Here's the New York Spot Gold chart, which shows the trading action in more detail. Just like in silver, note the 9:30 a.m. Eastern 'shove' in the gold price...followed by the absolute low at the fix. Aren't managed markets wonderful?
Silver's price path was virtually identical to that of gold's, with the only real difference being that silver's low of the day 'appeared' to occur about half-past lunchtime in New York. Silver also got the same 9:30 a.m. 'shove' that gold got. Silver closed at $31.82 spot...down 76 cents on the day. Net volume was a light 30,000 contracts.
Here's the New York Spot Silver chart, complete with the 'shove'...and the low. Which of those three points was the absolute low is a good question.
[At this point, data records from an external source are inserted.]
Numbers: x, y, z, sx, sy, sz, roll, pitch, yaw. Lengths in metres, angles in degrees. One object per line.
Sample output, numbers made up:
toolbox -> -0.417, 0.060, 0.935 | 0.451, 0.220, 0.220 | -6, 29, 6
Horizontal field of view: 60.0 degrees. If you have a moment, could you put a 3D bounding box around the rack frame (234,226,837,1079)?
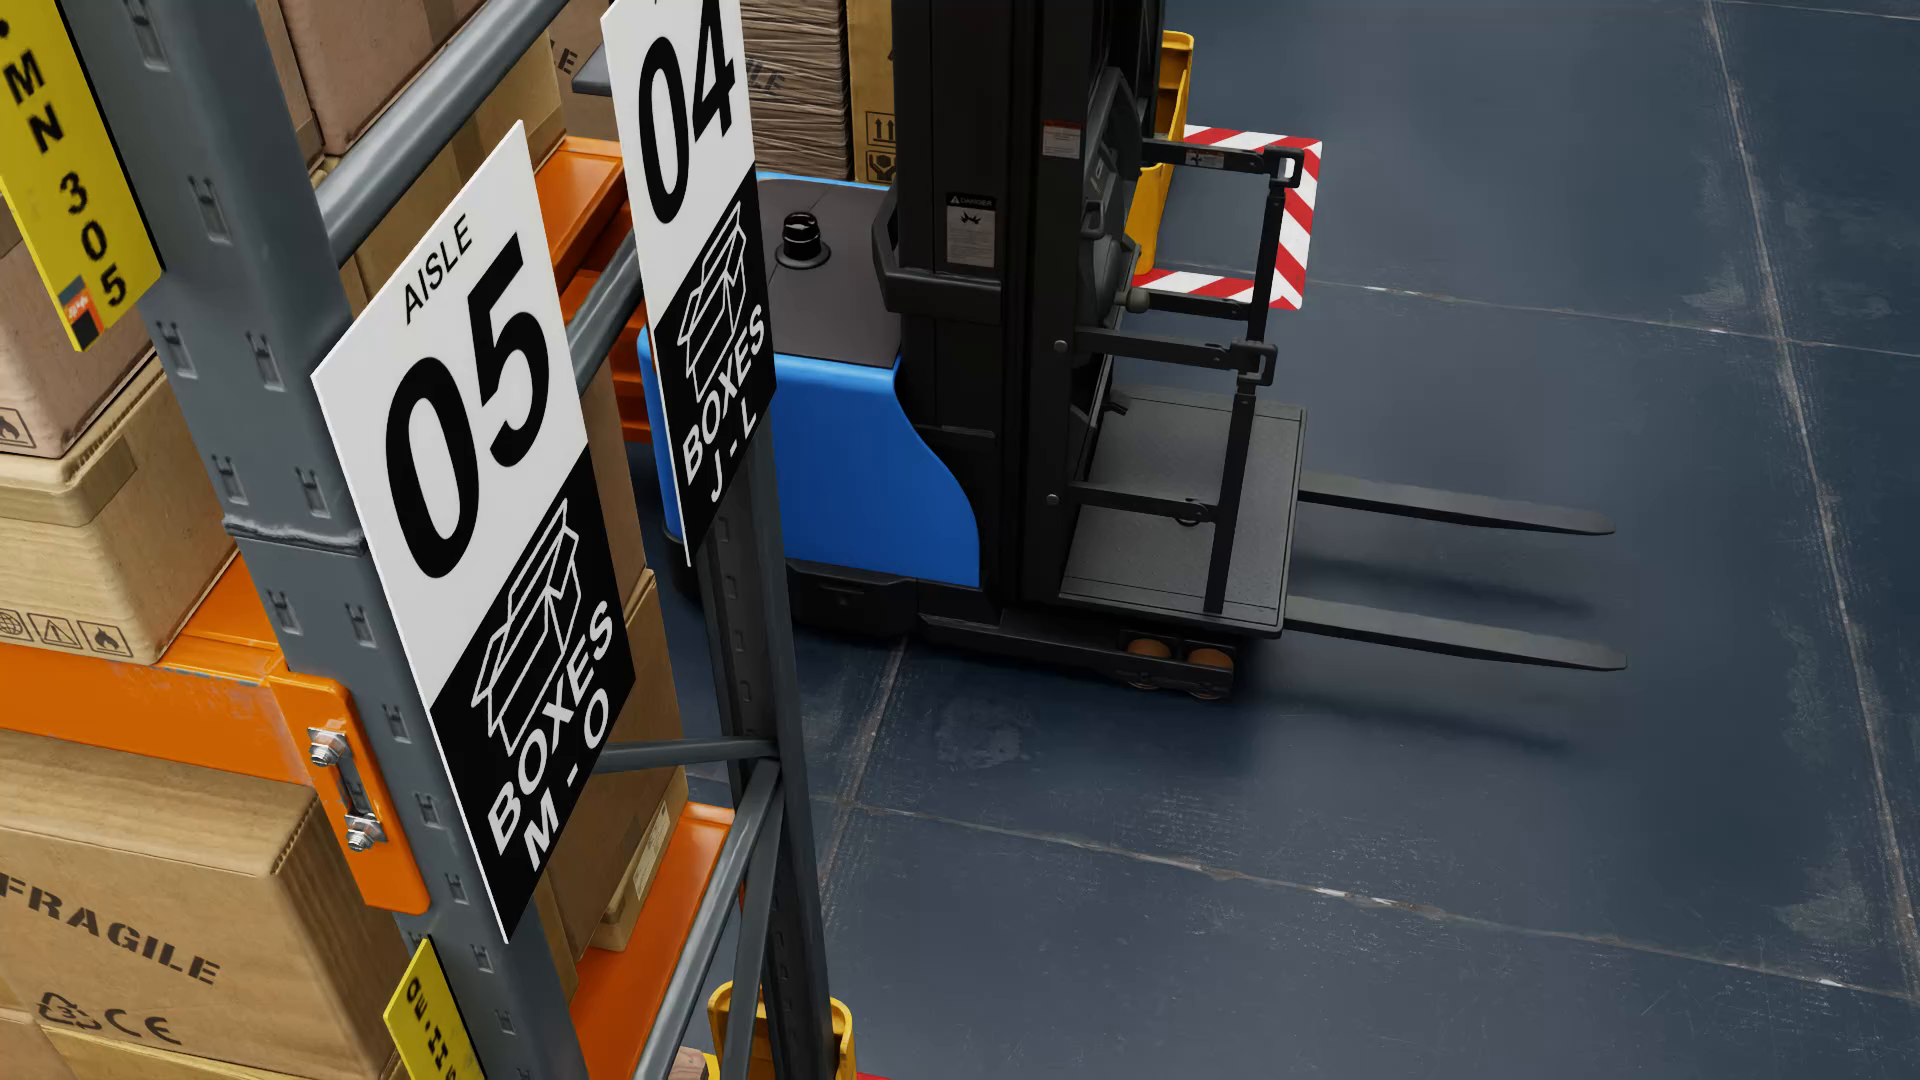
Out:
rack frame -> -0.459, 0.748, 2.810 | 0.127, 3.000, 1.000 | 9, 45, 9

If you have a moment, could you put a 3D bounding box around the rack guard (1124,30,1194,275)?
rack guard -> 0.746, -1.690, 7.145 | 0.348, 0.500, 1.175 | 9, 45, 9

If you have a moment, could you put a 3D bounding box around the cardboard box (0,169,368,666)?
cardboard box -> -0.961, -0.169, 1.708 | 0.500, 0.250, 0.500 | 8, 44, 8

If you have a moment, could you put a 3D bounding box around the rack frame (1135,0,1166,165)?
rack frame -> 0.723, -2.594, 6.282 | 0.127, 3.000, 1.000 | 9, 45, 9

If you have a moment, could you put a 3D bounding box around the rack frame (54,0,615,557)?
rack frame -> -0.459, -1.414, 0.730 | 0.127, 3.000, 1.000 | 9, 45, 9

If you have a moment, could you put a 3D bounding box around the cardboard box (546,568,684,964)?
cardboard box -> -0.837, 0.349, 2.937 | 0.500, 0.500, 0.500 | 11, 45, 11

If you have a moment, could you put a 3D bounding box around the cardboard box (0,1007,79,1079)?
cardboard box -> -1.455, 0.629, 2.647 | 0.500, 0.500, 0.500 | 8, 45, 8

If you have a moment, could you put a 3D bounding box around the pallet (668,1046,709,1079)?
pallet -> -1.318, 1.594, 3.942 | 1.213, 0.211, 1.003 | 9, 45, 9

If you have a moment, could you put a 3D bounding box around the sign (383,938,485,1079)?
sign -> -0.600, 0.589, 1.912 | 0.005, 0.325, 0.100 | 9, 45, 9

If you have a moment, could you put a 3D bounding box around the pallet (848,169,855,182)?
pallet -> -0.075, -1.657, 7.320 | 1.213, 0.211, 1.003 | 9, 45, 9

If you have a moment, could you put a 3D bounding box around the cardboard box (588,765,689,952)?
cardboard box -> -0.704, 0.567, 3.179 | 0.250, 0.149, 0.380 | 8, 45, 9

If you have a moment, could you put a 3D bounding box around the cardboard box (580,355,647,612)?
cardboard box -> -0.839, -0.004, 2.583 | 0.500, 0.500, 0.500 | 9, 45, 9

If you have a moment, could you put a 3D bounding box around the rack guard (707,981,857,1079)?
rack guard -> -0.533, 1.637, 3.689 | 0.348, 0.500, 1.175 | 9, 45, 9

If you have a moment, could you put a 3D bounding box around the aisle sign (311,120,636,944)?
aisle sign -> -0.453, 0.025, 1.686 | 0.004, 0.787, 0.394 | 9, 45, 9

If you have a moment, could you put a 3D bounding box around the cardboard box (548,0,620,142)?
cardboard box -> -1.676, -2.295, 7.201 | 0.875, 0.875, 0.875 | 9, 45, 9

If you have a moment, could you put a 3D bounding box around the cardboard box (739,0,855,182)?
cardboard box -> -0.807, -2.160, 7.061 | 0.875, 0.875, 0.875 | 9, 45, 9

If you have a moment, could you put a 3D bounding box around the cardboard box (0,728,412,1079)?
cardboard box -> -0.960, 0.343, 2.223 | 0.500, 0.500, 0.500 | 8, 44, 8

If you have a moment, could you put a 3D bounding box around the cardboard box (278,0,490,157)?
cardboard box -> -0.840, -0.703, 1.902 | 0.500, 0.250, 0.500 | 9, 45, 10

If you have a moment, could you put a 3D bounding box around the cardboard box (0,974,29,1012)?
cardboard box -> -1.454, 0.266, 2.303 | 0.500, 0.500, 0.500 | 7, 44, 8

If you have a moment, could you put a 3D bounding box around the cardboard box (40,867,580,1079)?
cardboard box -> -0.954, 0.710, 2.562 | 0.500, 0.500, 0.500 | 10, 45, 10

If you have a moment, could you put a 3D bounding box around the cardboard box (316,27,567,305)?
cardboard box -> -0.841, -0.520, 2.072 | 0.500, 0.250, 0.500 | 10, 45, 11

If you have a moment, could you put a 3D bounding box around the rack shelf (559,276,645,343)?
rack shelf -> -1.151, -0.727, 5.405 | 0.480, 0.148, 0.258 | 8, 44, 10

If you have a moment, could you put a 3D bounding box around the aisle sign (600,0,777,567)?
aisle sign -> -0.322, -0.381, 2.108 | 0.004, 0.787, 0.394 | 9, 45, 9

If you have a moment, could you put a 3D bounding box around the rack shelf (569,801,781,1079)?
rack shelf -> -2.411, 0.704, 3.374 | 4.000, 0.370, 1.077 | 9, 45, 9

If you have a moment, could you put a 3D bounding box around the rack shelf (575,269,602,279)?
rack shelf -> -1.157, -0.898, 5.242 | 0.480, 0.148, 0.258 | 8, 44, 10

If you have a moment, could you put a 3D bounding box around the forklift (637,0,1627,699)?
forklift -> 0.611, -0.962, 4.636 | 3.031, 2.935, 1.130 | 9, 45, 9

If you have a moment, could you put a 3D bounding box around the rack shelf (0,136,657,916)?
rack shelf -> -2.411, -0.377, 2.334 | 4.000, 0.370, 1.077 | 9, 45, 9

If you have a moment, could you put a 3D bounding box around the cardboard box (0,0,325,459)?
cardboard box -> -0.964, -0.357, 1.542 | 0.500, 0.250, 0.500 | 8, 44, 8

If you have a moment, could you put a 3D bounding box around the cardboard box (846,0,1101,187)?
cardboard box -> 0.081, -2.022, 6.917 | 0.875, 0.875, 0.875 | 9, 45, 9

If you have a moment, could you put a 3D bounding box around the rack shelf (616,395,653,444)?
rack shelf -> -1.141, -0.421, 5.696 | 0.480, 0.148, 0.258 | 8, 44, 10

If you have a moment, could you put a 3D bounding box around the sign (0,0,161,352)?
sign -> -0.600, -0.280, 1.076 | 0.005, 0.325, 0.100 | 9, 45, 9

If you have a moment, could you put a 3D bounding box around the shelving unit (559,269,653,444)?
shelving unit -> -1.147, -0.613, 5.513 | 0.503, 1.200, 0.258 | 8, 44, 10

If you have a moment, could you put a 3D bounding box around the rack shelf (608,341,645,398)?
rack shelf -> -1.146, -0.565, 5.559 | 0.480, 0.148, 0.258 | 8, 44, 10

But it really doesn't matter which one it was.
With the gold price getting creamed at the open, the stocks gapped down over 3%...but recovered about half of that by the close of trading...and the HUI finished down 1.83%
Of course, with silver down more than gold, their associated stocks got hit a bit harder as well...and Nick Laird's Silver Sentiment Index closed down 2.05% on the day.
(Click on image to enlarge)
The CME's Daily Delivery Report showed that 72 gold and zero silver contracts were posted for delivery on Monday. All 72 gold contracts were issued by JPMorgan from their proprietary [house] trading account...and they stopped 55 of them in their client account. The link to the 'action' is here.
The GLD ETF showed a very small withdrawal of 15,519 troy ounces...and there were no reported changes at SLV.
The U.S. Mint had a small sales report yesterday...1,500 ounces of gold eagles...and 1,000 one-ounce 24K gold buffaloes. No silver eagles were reported sold.
It was a pretty quiet day over at the Comex-approved depositories on Wednesday. Only 41,958 ounces of silver were reported received...and 255,140 troy ounces were shipped out the door. The link to that action is here.
Here's an interesting graph that Washington state reader S.A. sent my way yesterday...and it doesn't require any further explanation from me. With yields at basically zero percent, the end of the fiat currency system that we have all been born under, is in its final death throes.
(Click on image to enlarge)
I have a lot of stories once again today, so I hope you have the time to pick through most of them.
The fallen hedge fund billionaire Raj Rajaratnam received the longest prison sentence ever for insider trading on Thursday, capping an aggressive government campaign that has ensnared dozens and may help deter the illegal use of confidential information on Wall Street.
Judge Richard J. Holwell of Federal District Court in Manhattan sentenced Mr. Rajaratnam, 54, the former head of the Galleon Group hedge fund, to 11 years in prison. A jury convicted Mr. Rajaratnam of securities fraud and conspiracy in May after a two-month trial.
Yet the crackdown on insider trading — a crime whose victims are not always apparent — has come at a time when many Americans have questioned why authorities have not pursued charges against bank executives over their role in the financial crisis, which still weighs on the economy.
A very good point is made in that last paragraph. I thank reader Roy Stephens for sending me this story out of yesterday's edition of The New York Times...and the link is here.
More U.S. homes are entering the foreclosure process, but they're taking ever longer to get sold or repossessed by lenders.
The number of U.S. homes that received a first-time default notice during the July to September quarter increased 14 percent compared to the second quarter of the year, RealtyTrac Inc. said Thursday.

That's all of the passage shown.